Personality Disorders

Panic Disorder

The word ‘personality’ refers to the pattern of thoughts, feelings and behaviour that makes each of us the individuals that we are. We don’t always think, feel and behave in exactly the same way – it depends on the situation we are in, the people with us, and many other things. But mostly we do tend to behave in fairly predictable ways or patterns. And so we can be described, as shy, selfish, lively, and so on. We each have a set of these patterns, and this set makes up our personality.

Generally speaking, personality doesn’t change very much, but it does develop as we go through different experiences in life, and as our circumstances change. So, as we mature with time, our thinking, feelings and behaviour all change. We are usually flexible enough to learn from past experiences and to change our behaviour to cope with life more effectively.

However, if you have a personality disorder, you are likely to find this more difficult.
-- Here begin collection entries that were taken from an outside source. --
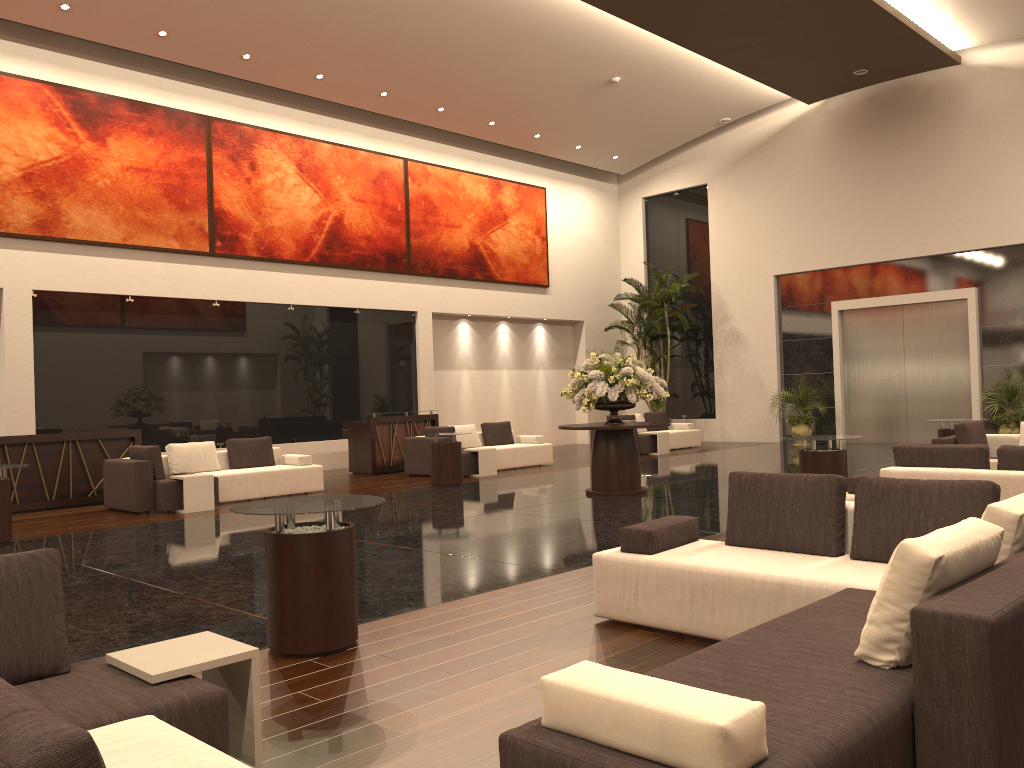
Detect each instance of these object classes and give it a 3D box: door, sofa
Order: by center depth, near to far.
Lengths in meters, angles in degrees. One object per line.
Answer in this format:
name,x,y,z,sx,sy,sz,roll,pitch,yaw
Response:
sofa,-1.117,1.000,2.261,2.846,0.862,1.291,-3,-1,44
sofa,0.926,0.951,3.913,2.586,0.862,3.366,-3,-1,44
sofa,4.651,0.873,7.752,2.586,0.862,3.366,-3,-1,44
sofa,6.273,0.843,9.828,2.846,0.862,1.291,-3,-1,44
sofa,-4.089,1.227,12.561,1.291,0.862,2.846,-3,-1,44
sofa,-0.474,1.151,16.262,1.291,0.862,2.846,-3,-1,44
door,8.626,-0.213,19.445,2.767,3.048,0.040,-3,-1,44
sofa,3.152,1.074,19.974,1.291,0.862,2.846,-3,-1,44

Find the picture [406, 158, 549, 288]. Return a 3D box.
picture,-0.700,-3.660,20.776,0.070,2.526,4.515,-3,-1,44

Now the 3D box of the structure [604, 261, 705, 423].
structure,3.733,-0.789,22.486,2.436,4.611,2.531,-2,-1,16

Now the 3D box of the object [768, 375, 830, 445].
object,6.613,0.552,20.283,1.373,1.682,1.297,-2,-1,-13

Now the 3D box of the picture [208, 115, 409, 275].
picture,-3.859,-3.593,17.542,0.070,2.526,4.515,-3,-1,44

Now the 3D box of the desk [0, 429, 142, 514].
desk,-6.606,1.218,12.381,0.700,1.043,2.606,-3,-1,44

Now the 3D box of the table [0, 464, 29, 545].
table,-5.491,1.266,9.229,0.844,0.795,0.833,-2,-1,-7

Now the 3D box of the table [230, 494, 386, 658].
table,-1.120,1.065,4.955,0.844,0.795,0.833,-2,-1,-7

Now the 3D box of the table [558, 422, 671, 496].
table,1.397,1.004,11.993,1.498,0.921,1.498,-2,-1,35

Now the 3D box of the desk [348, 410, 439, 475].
desk,-2.209,1.089,16.842,0.760,1.114,1.634,-3,-1,44

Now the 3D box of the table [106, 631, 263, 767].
table,-1.211,1.218,3.276,0.400,0.460,0.400,-3,-1,44

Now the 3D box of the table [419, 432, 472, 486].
table,-1.025,1.171,13.801,0.833,0.795,0.844,-2,-1,5

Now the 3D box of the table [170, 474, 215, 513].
table,-4.160,1.419,11.538,0.400,0.460,0.400,-3,-1,44

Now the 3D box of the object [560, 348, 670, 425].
object,1.380,-0.004,11.986,1.453,1.097,1.402,-2,-1,0

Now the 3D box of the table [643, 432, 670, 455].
table,3.081,1.266,18.951,0.400,0.460,0.400,-3,-1,44

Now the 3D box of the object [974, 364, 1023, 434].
object,9.673,0.410,17.219,1.373,1.682,1.297,-2,-1,-8

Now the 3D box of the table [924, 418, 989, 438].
table,6.346,0.907,12.639,0.833,0.795,0.844,-2,-1,5

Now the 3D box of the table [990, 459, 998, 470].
table,5.260,1.081,9.902,0.400,0.460,0.400,-3,-1,44

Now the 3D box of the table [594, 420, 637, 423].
table,1.975,1.108,16.913,0.833,0.795,0.844,-2,-1,5

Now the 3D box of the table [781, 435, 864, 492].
table,3.346,0.971,9.528,0.833,0.795,0.844,-2,-1,5

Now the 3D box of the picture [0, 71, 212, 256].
picture,-7.015,-3.526,14.310,0.070,2.526,4.515,-3,-1,44

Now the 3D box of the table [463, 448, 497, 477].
table,-0.545,1.343,15.239,0.400,0.460,0.400,-3,-1,44
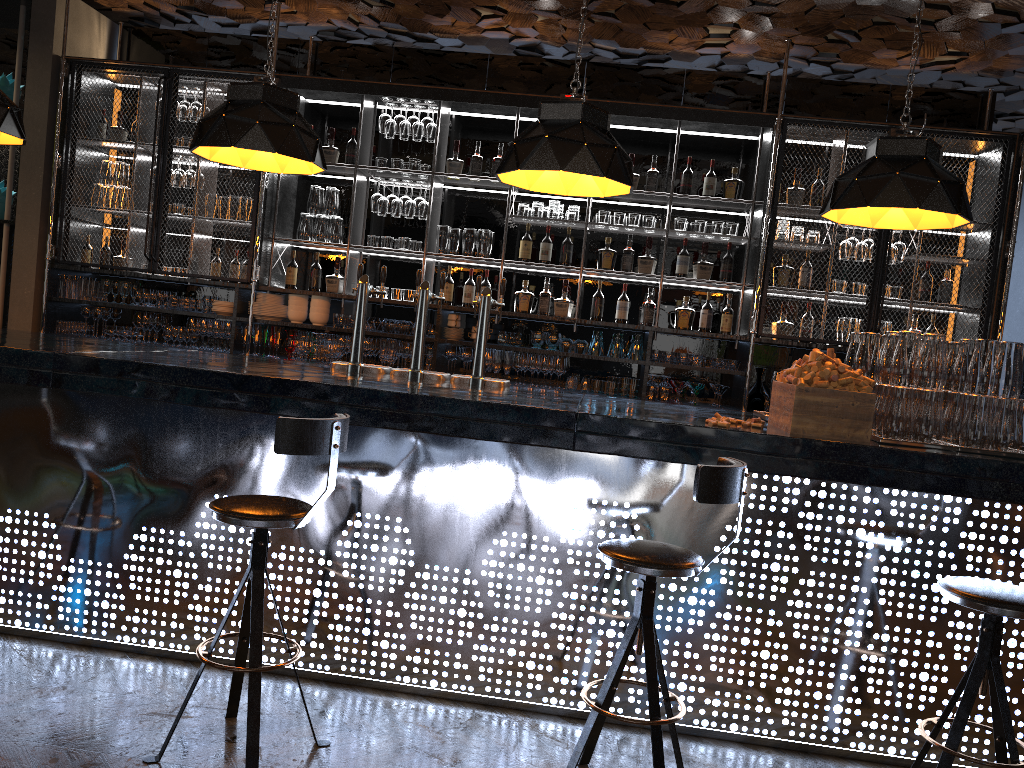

Your patterns of thinking, feeling and behaving are more difficult to change and you will have a more limited range of emotions, attitudes and behaviours with which to cope with everyday life. This can make things difficult for you or for other people.

If you have a personality disorder, you may find that your beliefs and attitudes are different from most other people’s. They may find your behaviour unusual or unexpected, and may find it difficult to spend time with you. This, of course, can make you feel very hurt and insecure; you may end up avoiding the company of others.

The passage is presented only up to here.